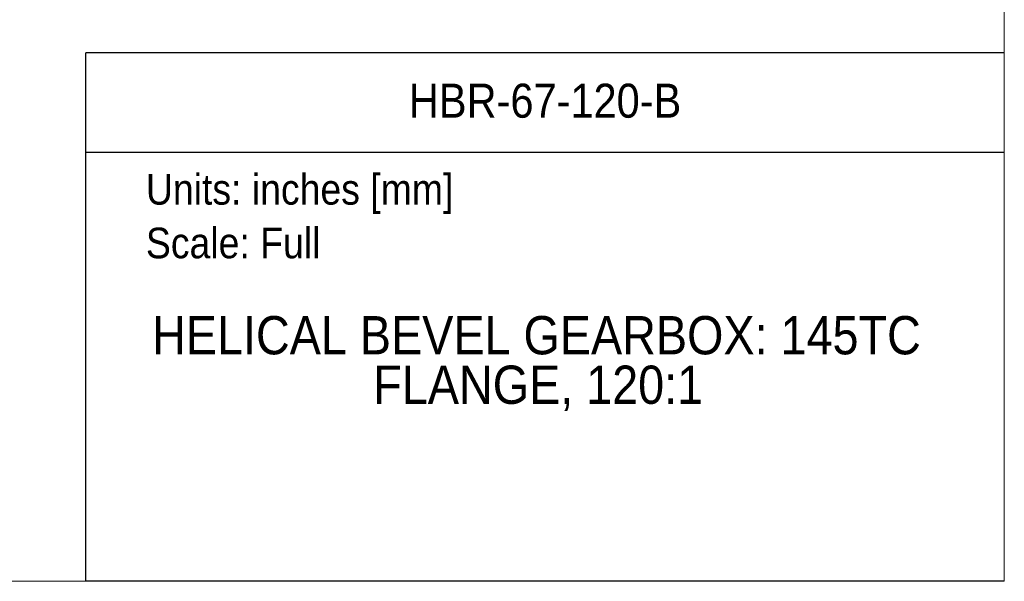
# Model space of a CAD drawing. Header units: inches. Extents: x 0 to 68, y 0 to 44.
# Tile 4 of 18: x 48.7 to 68, y 0 to 11. Entities that reach past the tile are written whole.
import ezdxf
from ezdxf.enums import TextEntityAlignment as Align

# ---------------------------------------------------------------- set-up
doc = ezdxf.new("R2010")
doc.units = ezdxf.units.IN
doc.header["$LTSCALE"] = 4
doc.header["$MEASUREMENT"] = 0
doc.linetypes.add('SLD-Solid', pattern=[0])
doc.layers.add('SLD-DEFPOINTS', color=7, linetype='Continuous')
doc.layers.add('TEXT', color=140, linetype='SLD-Solid', lineweight=25)
doc.styles.add('SLDTEXTSTYLE0', font='GOTHIC.TTF', dxfattribs={"width": 0.913})

# ---------------------------------------------------------------- blocks, each defined once
blk = doc.blocks.new('Block1')
at = {"color": 140, "linetype": 'SLD-Solid', "lineweight": 18}
blk.add_line((68, 0), (68, 10.356), dxfattribs=at)
at = {"layer": 'TEXT'}
for p, q in [((68, 10.356), (50, 10.356)), ((50, 0), (50, 10.356)), ((50, 8.409), (68, 8.409)), ((68, 0), (50, 0))]:
    blk.add_line(p, q, dxfattribs=at)
at = {"layer": 'TEXT', "char_height": 0.6, "attachment_point": 1, "style": 'SLDTEXTSTYLE0'}
for s, insert in [('Units: inches [mm]', (51.179, 7.979)), ('Scale: Full', (51.179, 6.928))]:
    blk.add_mtext(s, dxfattribs=dict(at, insert=insert))
at = {"layer": 'TEXT', "color": 140, "style": 'SLDTEXTSTYLE0', "width": 0.913}
for tag, height, p in [('AUTOATTR0', 0.667, (56.332, 8.882)), ('AUTOATTR1_0', 0.75, (51.3, 4.221)), ('AUTOATTR1_1', 0.75, (55.634, 3.251))]:
    blk.add_attdef(tag, text='', height=height, dxfattribs=at).set_placement(p, align=Align.BOTTOM_LEFT)
blk = doc.blocks.new('Block2')
at = {"color": 7, "linetype": 'SLD-Solid', "lineweight": 18}
for q in [(68, 44), (0, 0)]:
    blk.add_line((68, 0), q, dxfattribs=at)

msp = doc.modelspace()

# ---------------------------------------------------------------- block references
at = {"layer": 'SLD-DEFPOINTS'}
msp.add_blockref('Block2', (0, 0), dxfattribs=at)
ref = msp.add_blockref('Block1', (0, 0), dxfattribs=at)
ref.add_attrib('AUTOATTR0', 'HBR-67-120-B', dxfattribs={"layer": 'TEXT', "height": 0.66667, "style": 'SLDTEXTSTYLE0', "width": 0.913}).set_placement((56.332, 8.882), align=Align.BOTTOM_LEFT)
ref.add_attrib('AUTOATTR1_0', 'HELICAL BEVEL GEARBOX: 145TC ', dxfattribs={"layer": 'TEXT', "height": 0.75, "style": 'SLDTEXTSTYLE0', "width": 0.913}).set_placement((51.3, 4.221), align=Align.BOTTOM_LEFT)
ref.add_attrib('AUTOATTR1_1', 'FLANGE, 120:1', dxfattribs={"layer": 'TEXT', "height": 0.75, "style": 'SLDTEXTSTYLE0', "width": 0.913}).set_placement((55.634, 3.251), align=Align.BOTTOM_LEFT)

doc.saveas('drawing.dxf')

▶ _Assignment_
Output every record verbatim, skipping images.

▶ _Task answer_
# Model space of a CAD drawing. Header units: inches. Extents: x 0 to 68, y 0 to 44.
# Tile 4 of 18: x 48.7 to 68, y 0 to 11. Entities that reach past the tile are written whole.
import ezdxf
from ezdxf.enums import TextEntityAlignment as Align

# ---------------------------------------------------------------- set-up
doc = ezdxf.new("R2010")
doc.units = ezdxf.units.IN
doc.header["$LTSCALE"] = 4
doc.header["$MEASUREMENT"] = 0
doc.linetypes.add('SLD-Solid', pattern=[0])
doc.layers.add('SLD-DEFPOINTS', color=7, linetype='Continuous')
doc.layers.add('TEXT', color=140, linetype='SLD-Solid', lineweight=25)
doc.styles.add('SLDTEXTSTYLE0', font='GOTHIC.TTF', dxfattribs={"width": 0.913})

# ---------------------------------------------------------------- blocks, each defined once
blk = doc.blocks.new('Block1')
at = {"color": 140, "linetype": 'SLD-Solid', "lineweight": 18}
blk.add_line((68, 0), (68, 10.356), dxfattribs=at)
at = {"layer": 'TEXT'}
for p, q in [((68, 10.356), (50, 10.356)), ((50, 0), (50, 10.356)), ((50, 8.409), (68, 8.409)), ((68, 0), (50, 0))]:
    blk.add_line(p, q, dxfattribs=at)
at = {"layer": 'TEXT', "char_height": 0.6, "attachment_point": 1, "style": 'SLDTEXTSTYLE0'}
for s, insert in [('Units: inches [mm]', (51.179, 7.979)), ('Scale: Full', (51.179, 6.928))]:
    blk.add_mtext(s, dxfattribs=dict(at, insert=insert))
at = {"layer": 'TEXT', "color": 140, "style": 'SLDTEXTSTYLE0', "width": 0.913}
for tag, height, p in [('AUTOATTR0', 0.667, (56.332, 8.882)), ('AUTOATTR1_0', 0.75, (51.3, 4.221)), ('AUTOATTR1_1', 0.75, (55.634, 3.251))]:
    blk.add_attdef(tag, text='', height=height, dxfattribs=at).set_placement(p, align=Align.BOTTOM_LEFT)
blk = doc.blocks.new('Block2')
at = {"color": 7, "linetype": 'SLD-Solid', "lineweight": 18}
for q in [(68, 44), (0, 0)]:
    blk.add_line((68, 0), q, dxfattribs=at)

msp = doc.modelspace()

# ---------------------------------------------------------------- block references
at = {"layer": 'SLD-DEFPOINTS'}
msp.add_blockref('Block2', (0, 0), dxfattribs=at)
ref = msp.add_blockref('Block1', (0, 0), dxfattribs=at)
ref.add_attrib('AUTOATTR0', 'HBR-67-120-B', dxfattribs={"layer": 'TEXT', "height": 0.66667, "style": 'SLDTEXTSTYLE0', "width": 0.913}).set_placement((56.332, 8.882), align=Align.BOTTOM_LEFT)
ref.add_attrib('AUTOATTR1_0', 'HELICAL BEVEL GEARBOX: 145TC ', dxfattribs={"layer": 'TEXT', "height": 0.75, "style": 'SLDTEXTSTYLE0', "width": 0.913}).set_placement((51.3, 4.221), align=Align.BOTTOM_LEFT)
ref.add_attrib('AUTOATTR1_1', 'FLANGE, 120:1', dxfattribs={"layer": 'TEXT', "height": 0.75, "style": 'SLDTEXTSTYLE0', "width": 0.913}).set_placement((55.634, 3.251), align=Align.BOTTOM_LEFT)

doc.saveas('drawing.dxf')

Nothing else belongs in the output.